Assignment
Copy the lines below exactly. No picture goes into the copy.

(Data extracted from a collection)
———

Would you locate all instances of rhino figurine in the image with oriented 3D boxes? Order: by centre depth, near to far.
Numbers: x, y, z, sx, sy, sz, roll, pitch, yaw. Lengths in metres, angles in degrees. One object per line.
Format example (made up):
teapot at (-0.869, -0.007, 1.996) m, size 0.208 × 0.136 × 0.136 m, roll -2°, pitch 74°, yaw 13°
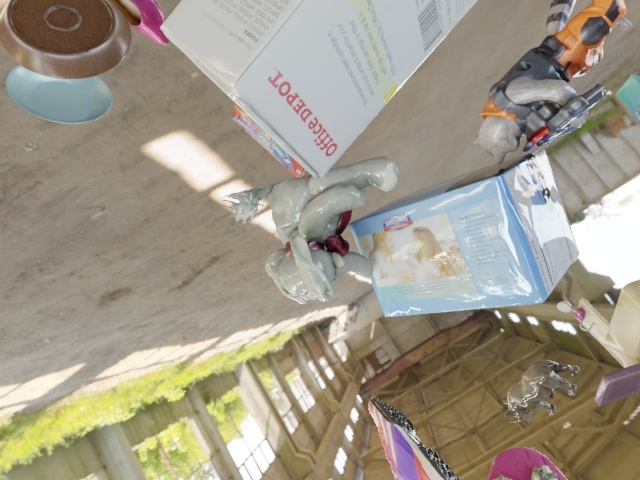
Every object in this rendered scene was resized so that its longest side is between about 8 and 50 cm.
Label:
rhino figurine at (0.528, 0.384, 1.081) m, size 0.073 × 0.106 × 0.243 m, roll -68°, pitch 175°, yaw -53°

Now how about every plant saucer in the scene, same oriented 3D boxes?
plant saucer at (-0.355, -0.300, 0.605) m, size 0.168 × 0.168 × 0.029 m, roll -27°, pitch 167°, yaw -24°
plant saucer at (-0.556, -0.309, 0.936) m, size 0.195 × 0.195 × 0.037 m, roll -22°, pitch 159°, yaw -41°

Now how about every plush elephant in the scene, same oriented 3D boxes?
plush elephant at (0.000, 0.000, 0.858) m, size 0.330 × 0.255 × 0.272 m, roll -15°, pitch -176°, yaw -17°

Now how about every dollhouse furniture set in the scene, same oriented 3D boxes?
dollhouse furniture set at (0.225, 0.043, 0.316) m, size 0.091 × 0.081 × 0.114 m, roll -19°, pitch 130°, yaw -2°

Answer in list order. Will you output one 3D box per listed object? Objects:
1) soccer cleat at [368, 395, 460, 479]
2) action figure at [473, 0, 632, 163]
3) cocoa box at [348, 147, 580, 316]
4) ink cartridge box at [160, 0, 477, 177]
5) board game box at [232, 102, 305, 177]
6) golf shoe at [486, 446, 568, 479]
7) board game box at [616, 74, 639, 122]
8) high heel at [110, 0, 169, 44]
soccer cleat at (0.195, 0.512, 1.062) m, size 0.109 × 0.318 × 0.116 m, roll 36°, pitch 92°, yaw -35°
action figure at (0.390, -0.278, 0.752) m, size 0.330 × 0.178 × 0.341 m, roll -52°, pitch 168°, yaw 8°
cocoa box at (0.277, -0.004, 0.877) m, size 0.228 × 0.231 × 0.347 m, roll -27°, pitch -173°, yaw -42°
ink cartridge box at (0.027, -0.311, 0.584) m, size 0.384 × 0.160 × 0.279 m, roll -49°, pitch 156°, yaw 4°
board game box at (-0.144, -0.313, 1.281) m, size 0.027 × 0.281 × 0.145 m, roll -46°, pitch 176°, yaw -27°
golf shoe at (0.234, 0.374, 0.426) m, size 0.115 × 0.306 × 0.140 m, roll -12°, pitch 134°, yaw 12°
board game box at (0.649, -0.206, 0.763) m, size 0.160 × 0.210 × 0.047 m, roll 5°, pitch 139°, yaw -9°
high heel at (-0.350, -0.388, 0.703) m, size 0.117 × 0.082 × 0.244 m, roll -69°, pitch 153°, yaw -18°

———

Solution for this exercise
Would you locate all instances of rhino figurine in the image with oriented 3D boxes? Order: by centre depth, near to far.
Numbers: x, y, z, sx, sy, sz, roll, pitch, yaw. Lengths in metres, angles in degrees. One object per line.
Format example (made up):
teapot at (-0.869, -0.007, 1.996) m, size 0.208 × 0.136 × 0.136 m, roll -2°, pitch 74°, yaw 13°
Every object in this rendered scene was resized so that its longest side is between about 8 and 50 cm.
Label:
rhino figurine at (0.528, 0.384, 1.081) m, size 0.073 × 0.106 × 0.243 m, roll -68°, pitch 175°, yaw -53°

Now how about every plant saucer in the scene, same oriented 3D boxes?
plant saucer at (-0.355, -0.300, 0.605) m, size 0.168 × 0.168 × 0.029 m, roll -27°, pitch 167°, yaw -24°
plant saucer at (-0.556, -0.309, 0.936) m, size 0.195 × 0.195 × 0.037 m, roll -22°, pitch 159°, yaw -41°

Now how about every plush elephant in the scene, same oriented 3D boxes?
plush elephant at (0.000, 0.000, 0.858) m, size 0.330 × 0.255 × 0.272 m, roll -15°, pitch -176°, yaw -17°

Now how about every dollhouse furniture set in the scene, same oriented 3D boxes?
dollhouse furniture set at (0.225, 0.043, 0.316) m, size 0.091 × 0.081 × 0.114 m, roll -19°, pitch 130°, yaw -2°

Answer in list order. Will you output one 3D box per listed object? Objects:
1) soccer cleat at [368, 395, 460, 479]
2) action figure at [473, 0, 632, 163]
3) cocoa box at [348, 147, 580, 316]
4) ink cartridge box at [160, 0, 477, 177]
5) board game box at [232, 102, 305, 177]
6) golf shoe at [486, 446, 568, 479]
7) board game box at [616, 74, 639, 122]
8) high heel at [110, 0, 169, 44]
soccer cleat at (0.195, 0.512, 1.062) m, size 0.109 × 0.318 × 0.116 m, roll 36°, pitch 92°, yaw -35°
action figure at (0.390, -0.278, 0.752) m, size 0.330 × 0.178 × 0.341 m, roll -52°, pitch 168°, yaw 8°
cocoa box at (0.277, -0.004, 0.877) m, size 0.228 × 0.231 × 0.347 m, roll -27°, pitch -173°, yaw -42°
ink cartridge box at (0.027, -0.311, 0.584) m, size 0.384 × 0.160 × 0.279 m, roll -49°, pitch 156°, yaw 4°
board game box at (-0.144, -0.313, 1.281) m, size 0.027 × 0.281 × 0.145 m, roll -46°, pitch 176°, yaw -27°
golf shoe at (0.234, 0.374, 0.426) m, size 0.115 × 0.306 × 0.140 m, roll -12°, pitch 134°, yaw 12°
board game box at (0.649, -0.206, 0.763) m, size 0.160 × 0.210 × 0.047 m, roll 5°, pitch 139°, yaw -9°
high heel at (-0.350, -0.388, 0.703) m, size 0.117 × 0.082 × 0.244 m, roll -69°, pitch 153°, yaw -18°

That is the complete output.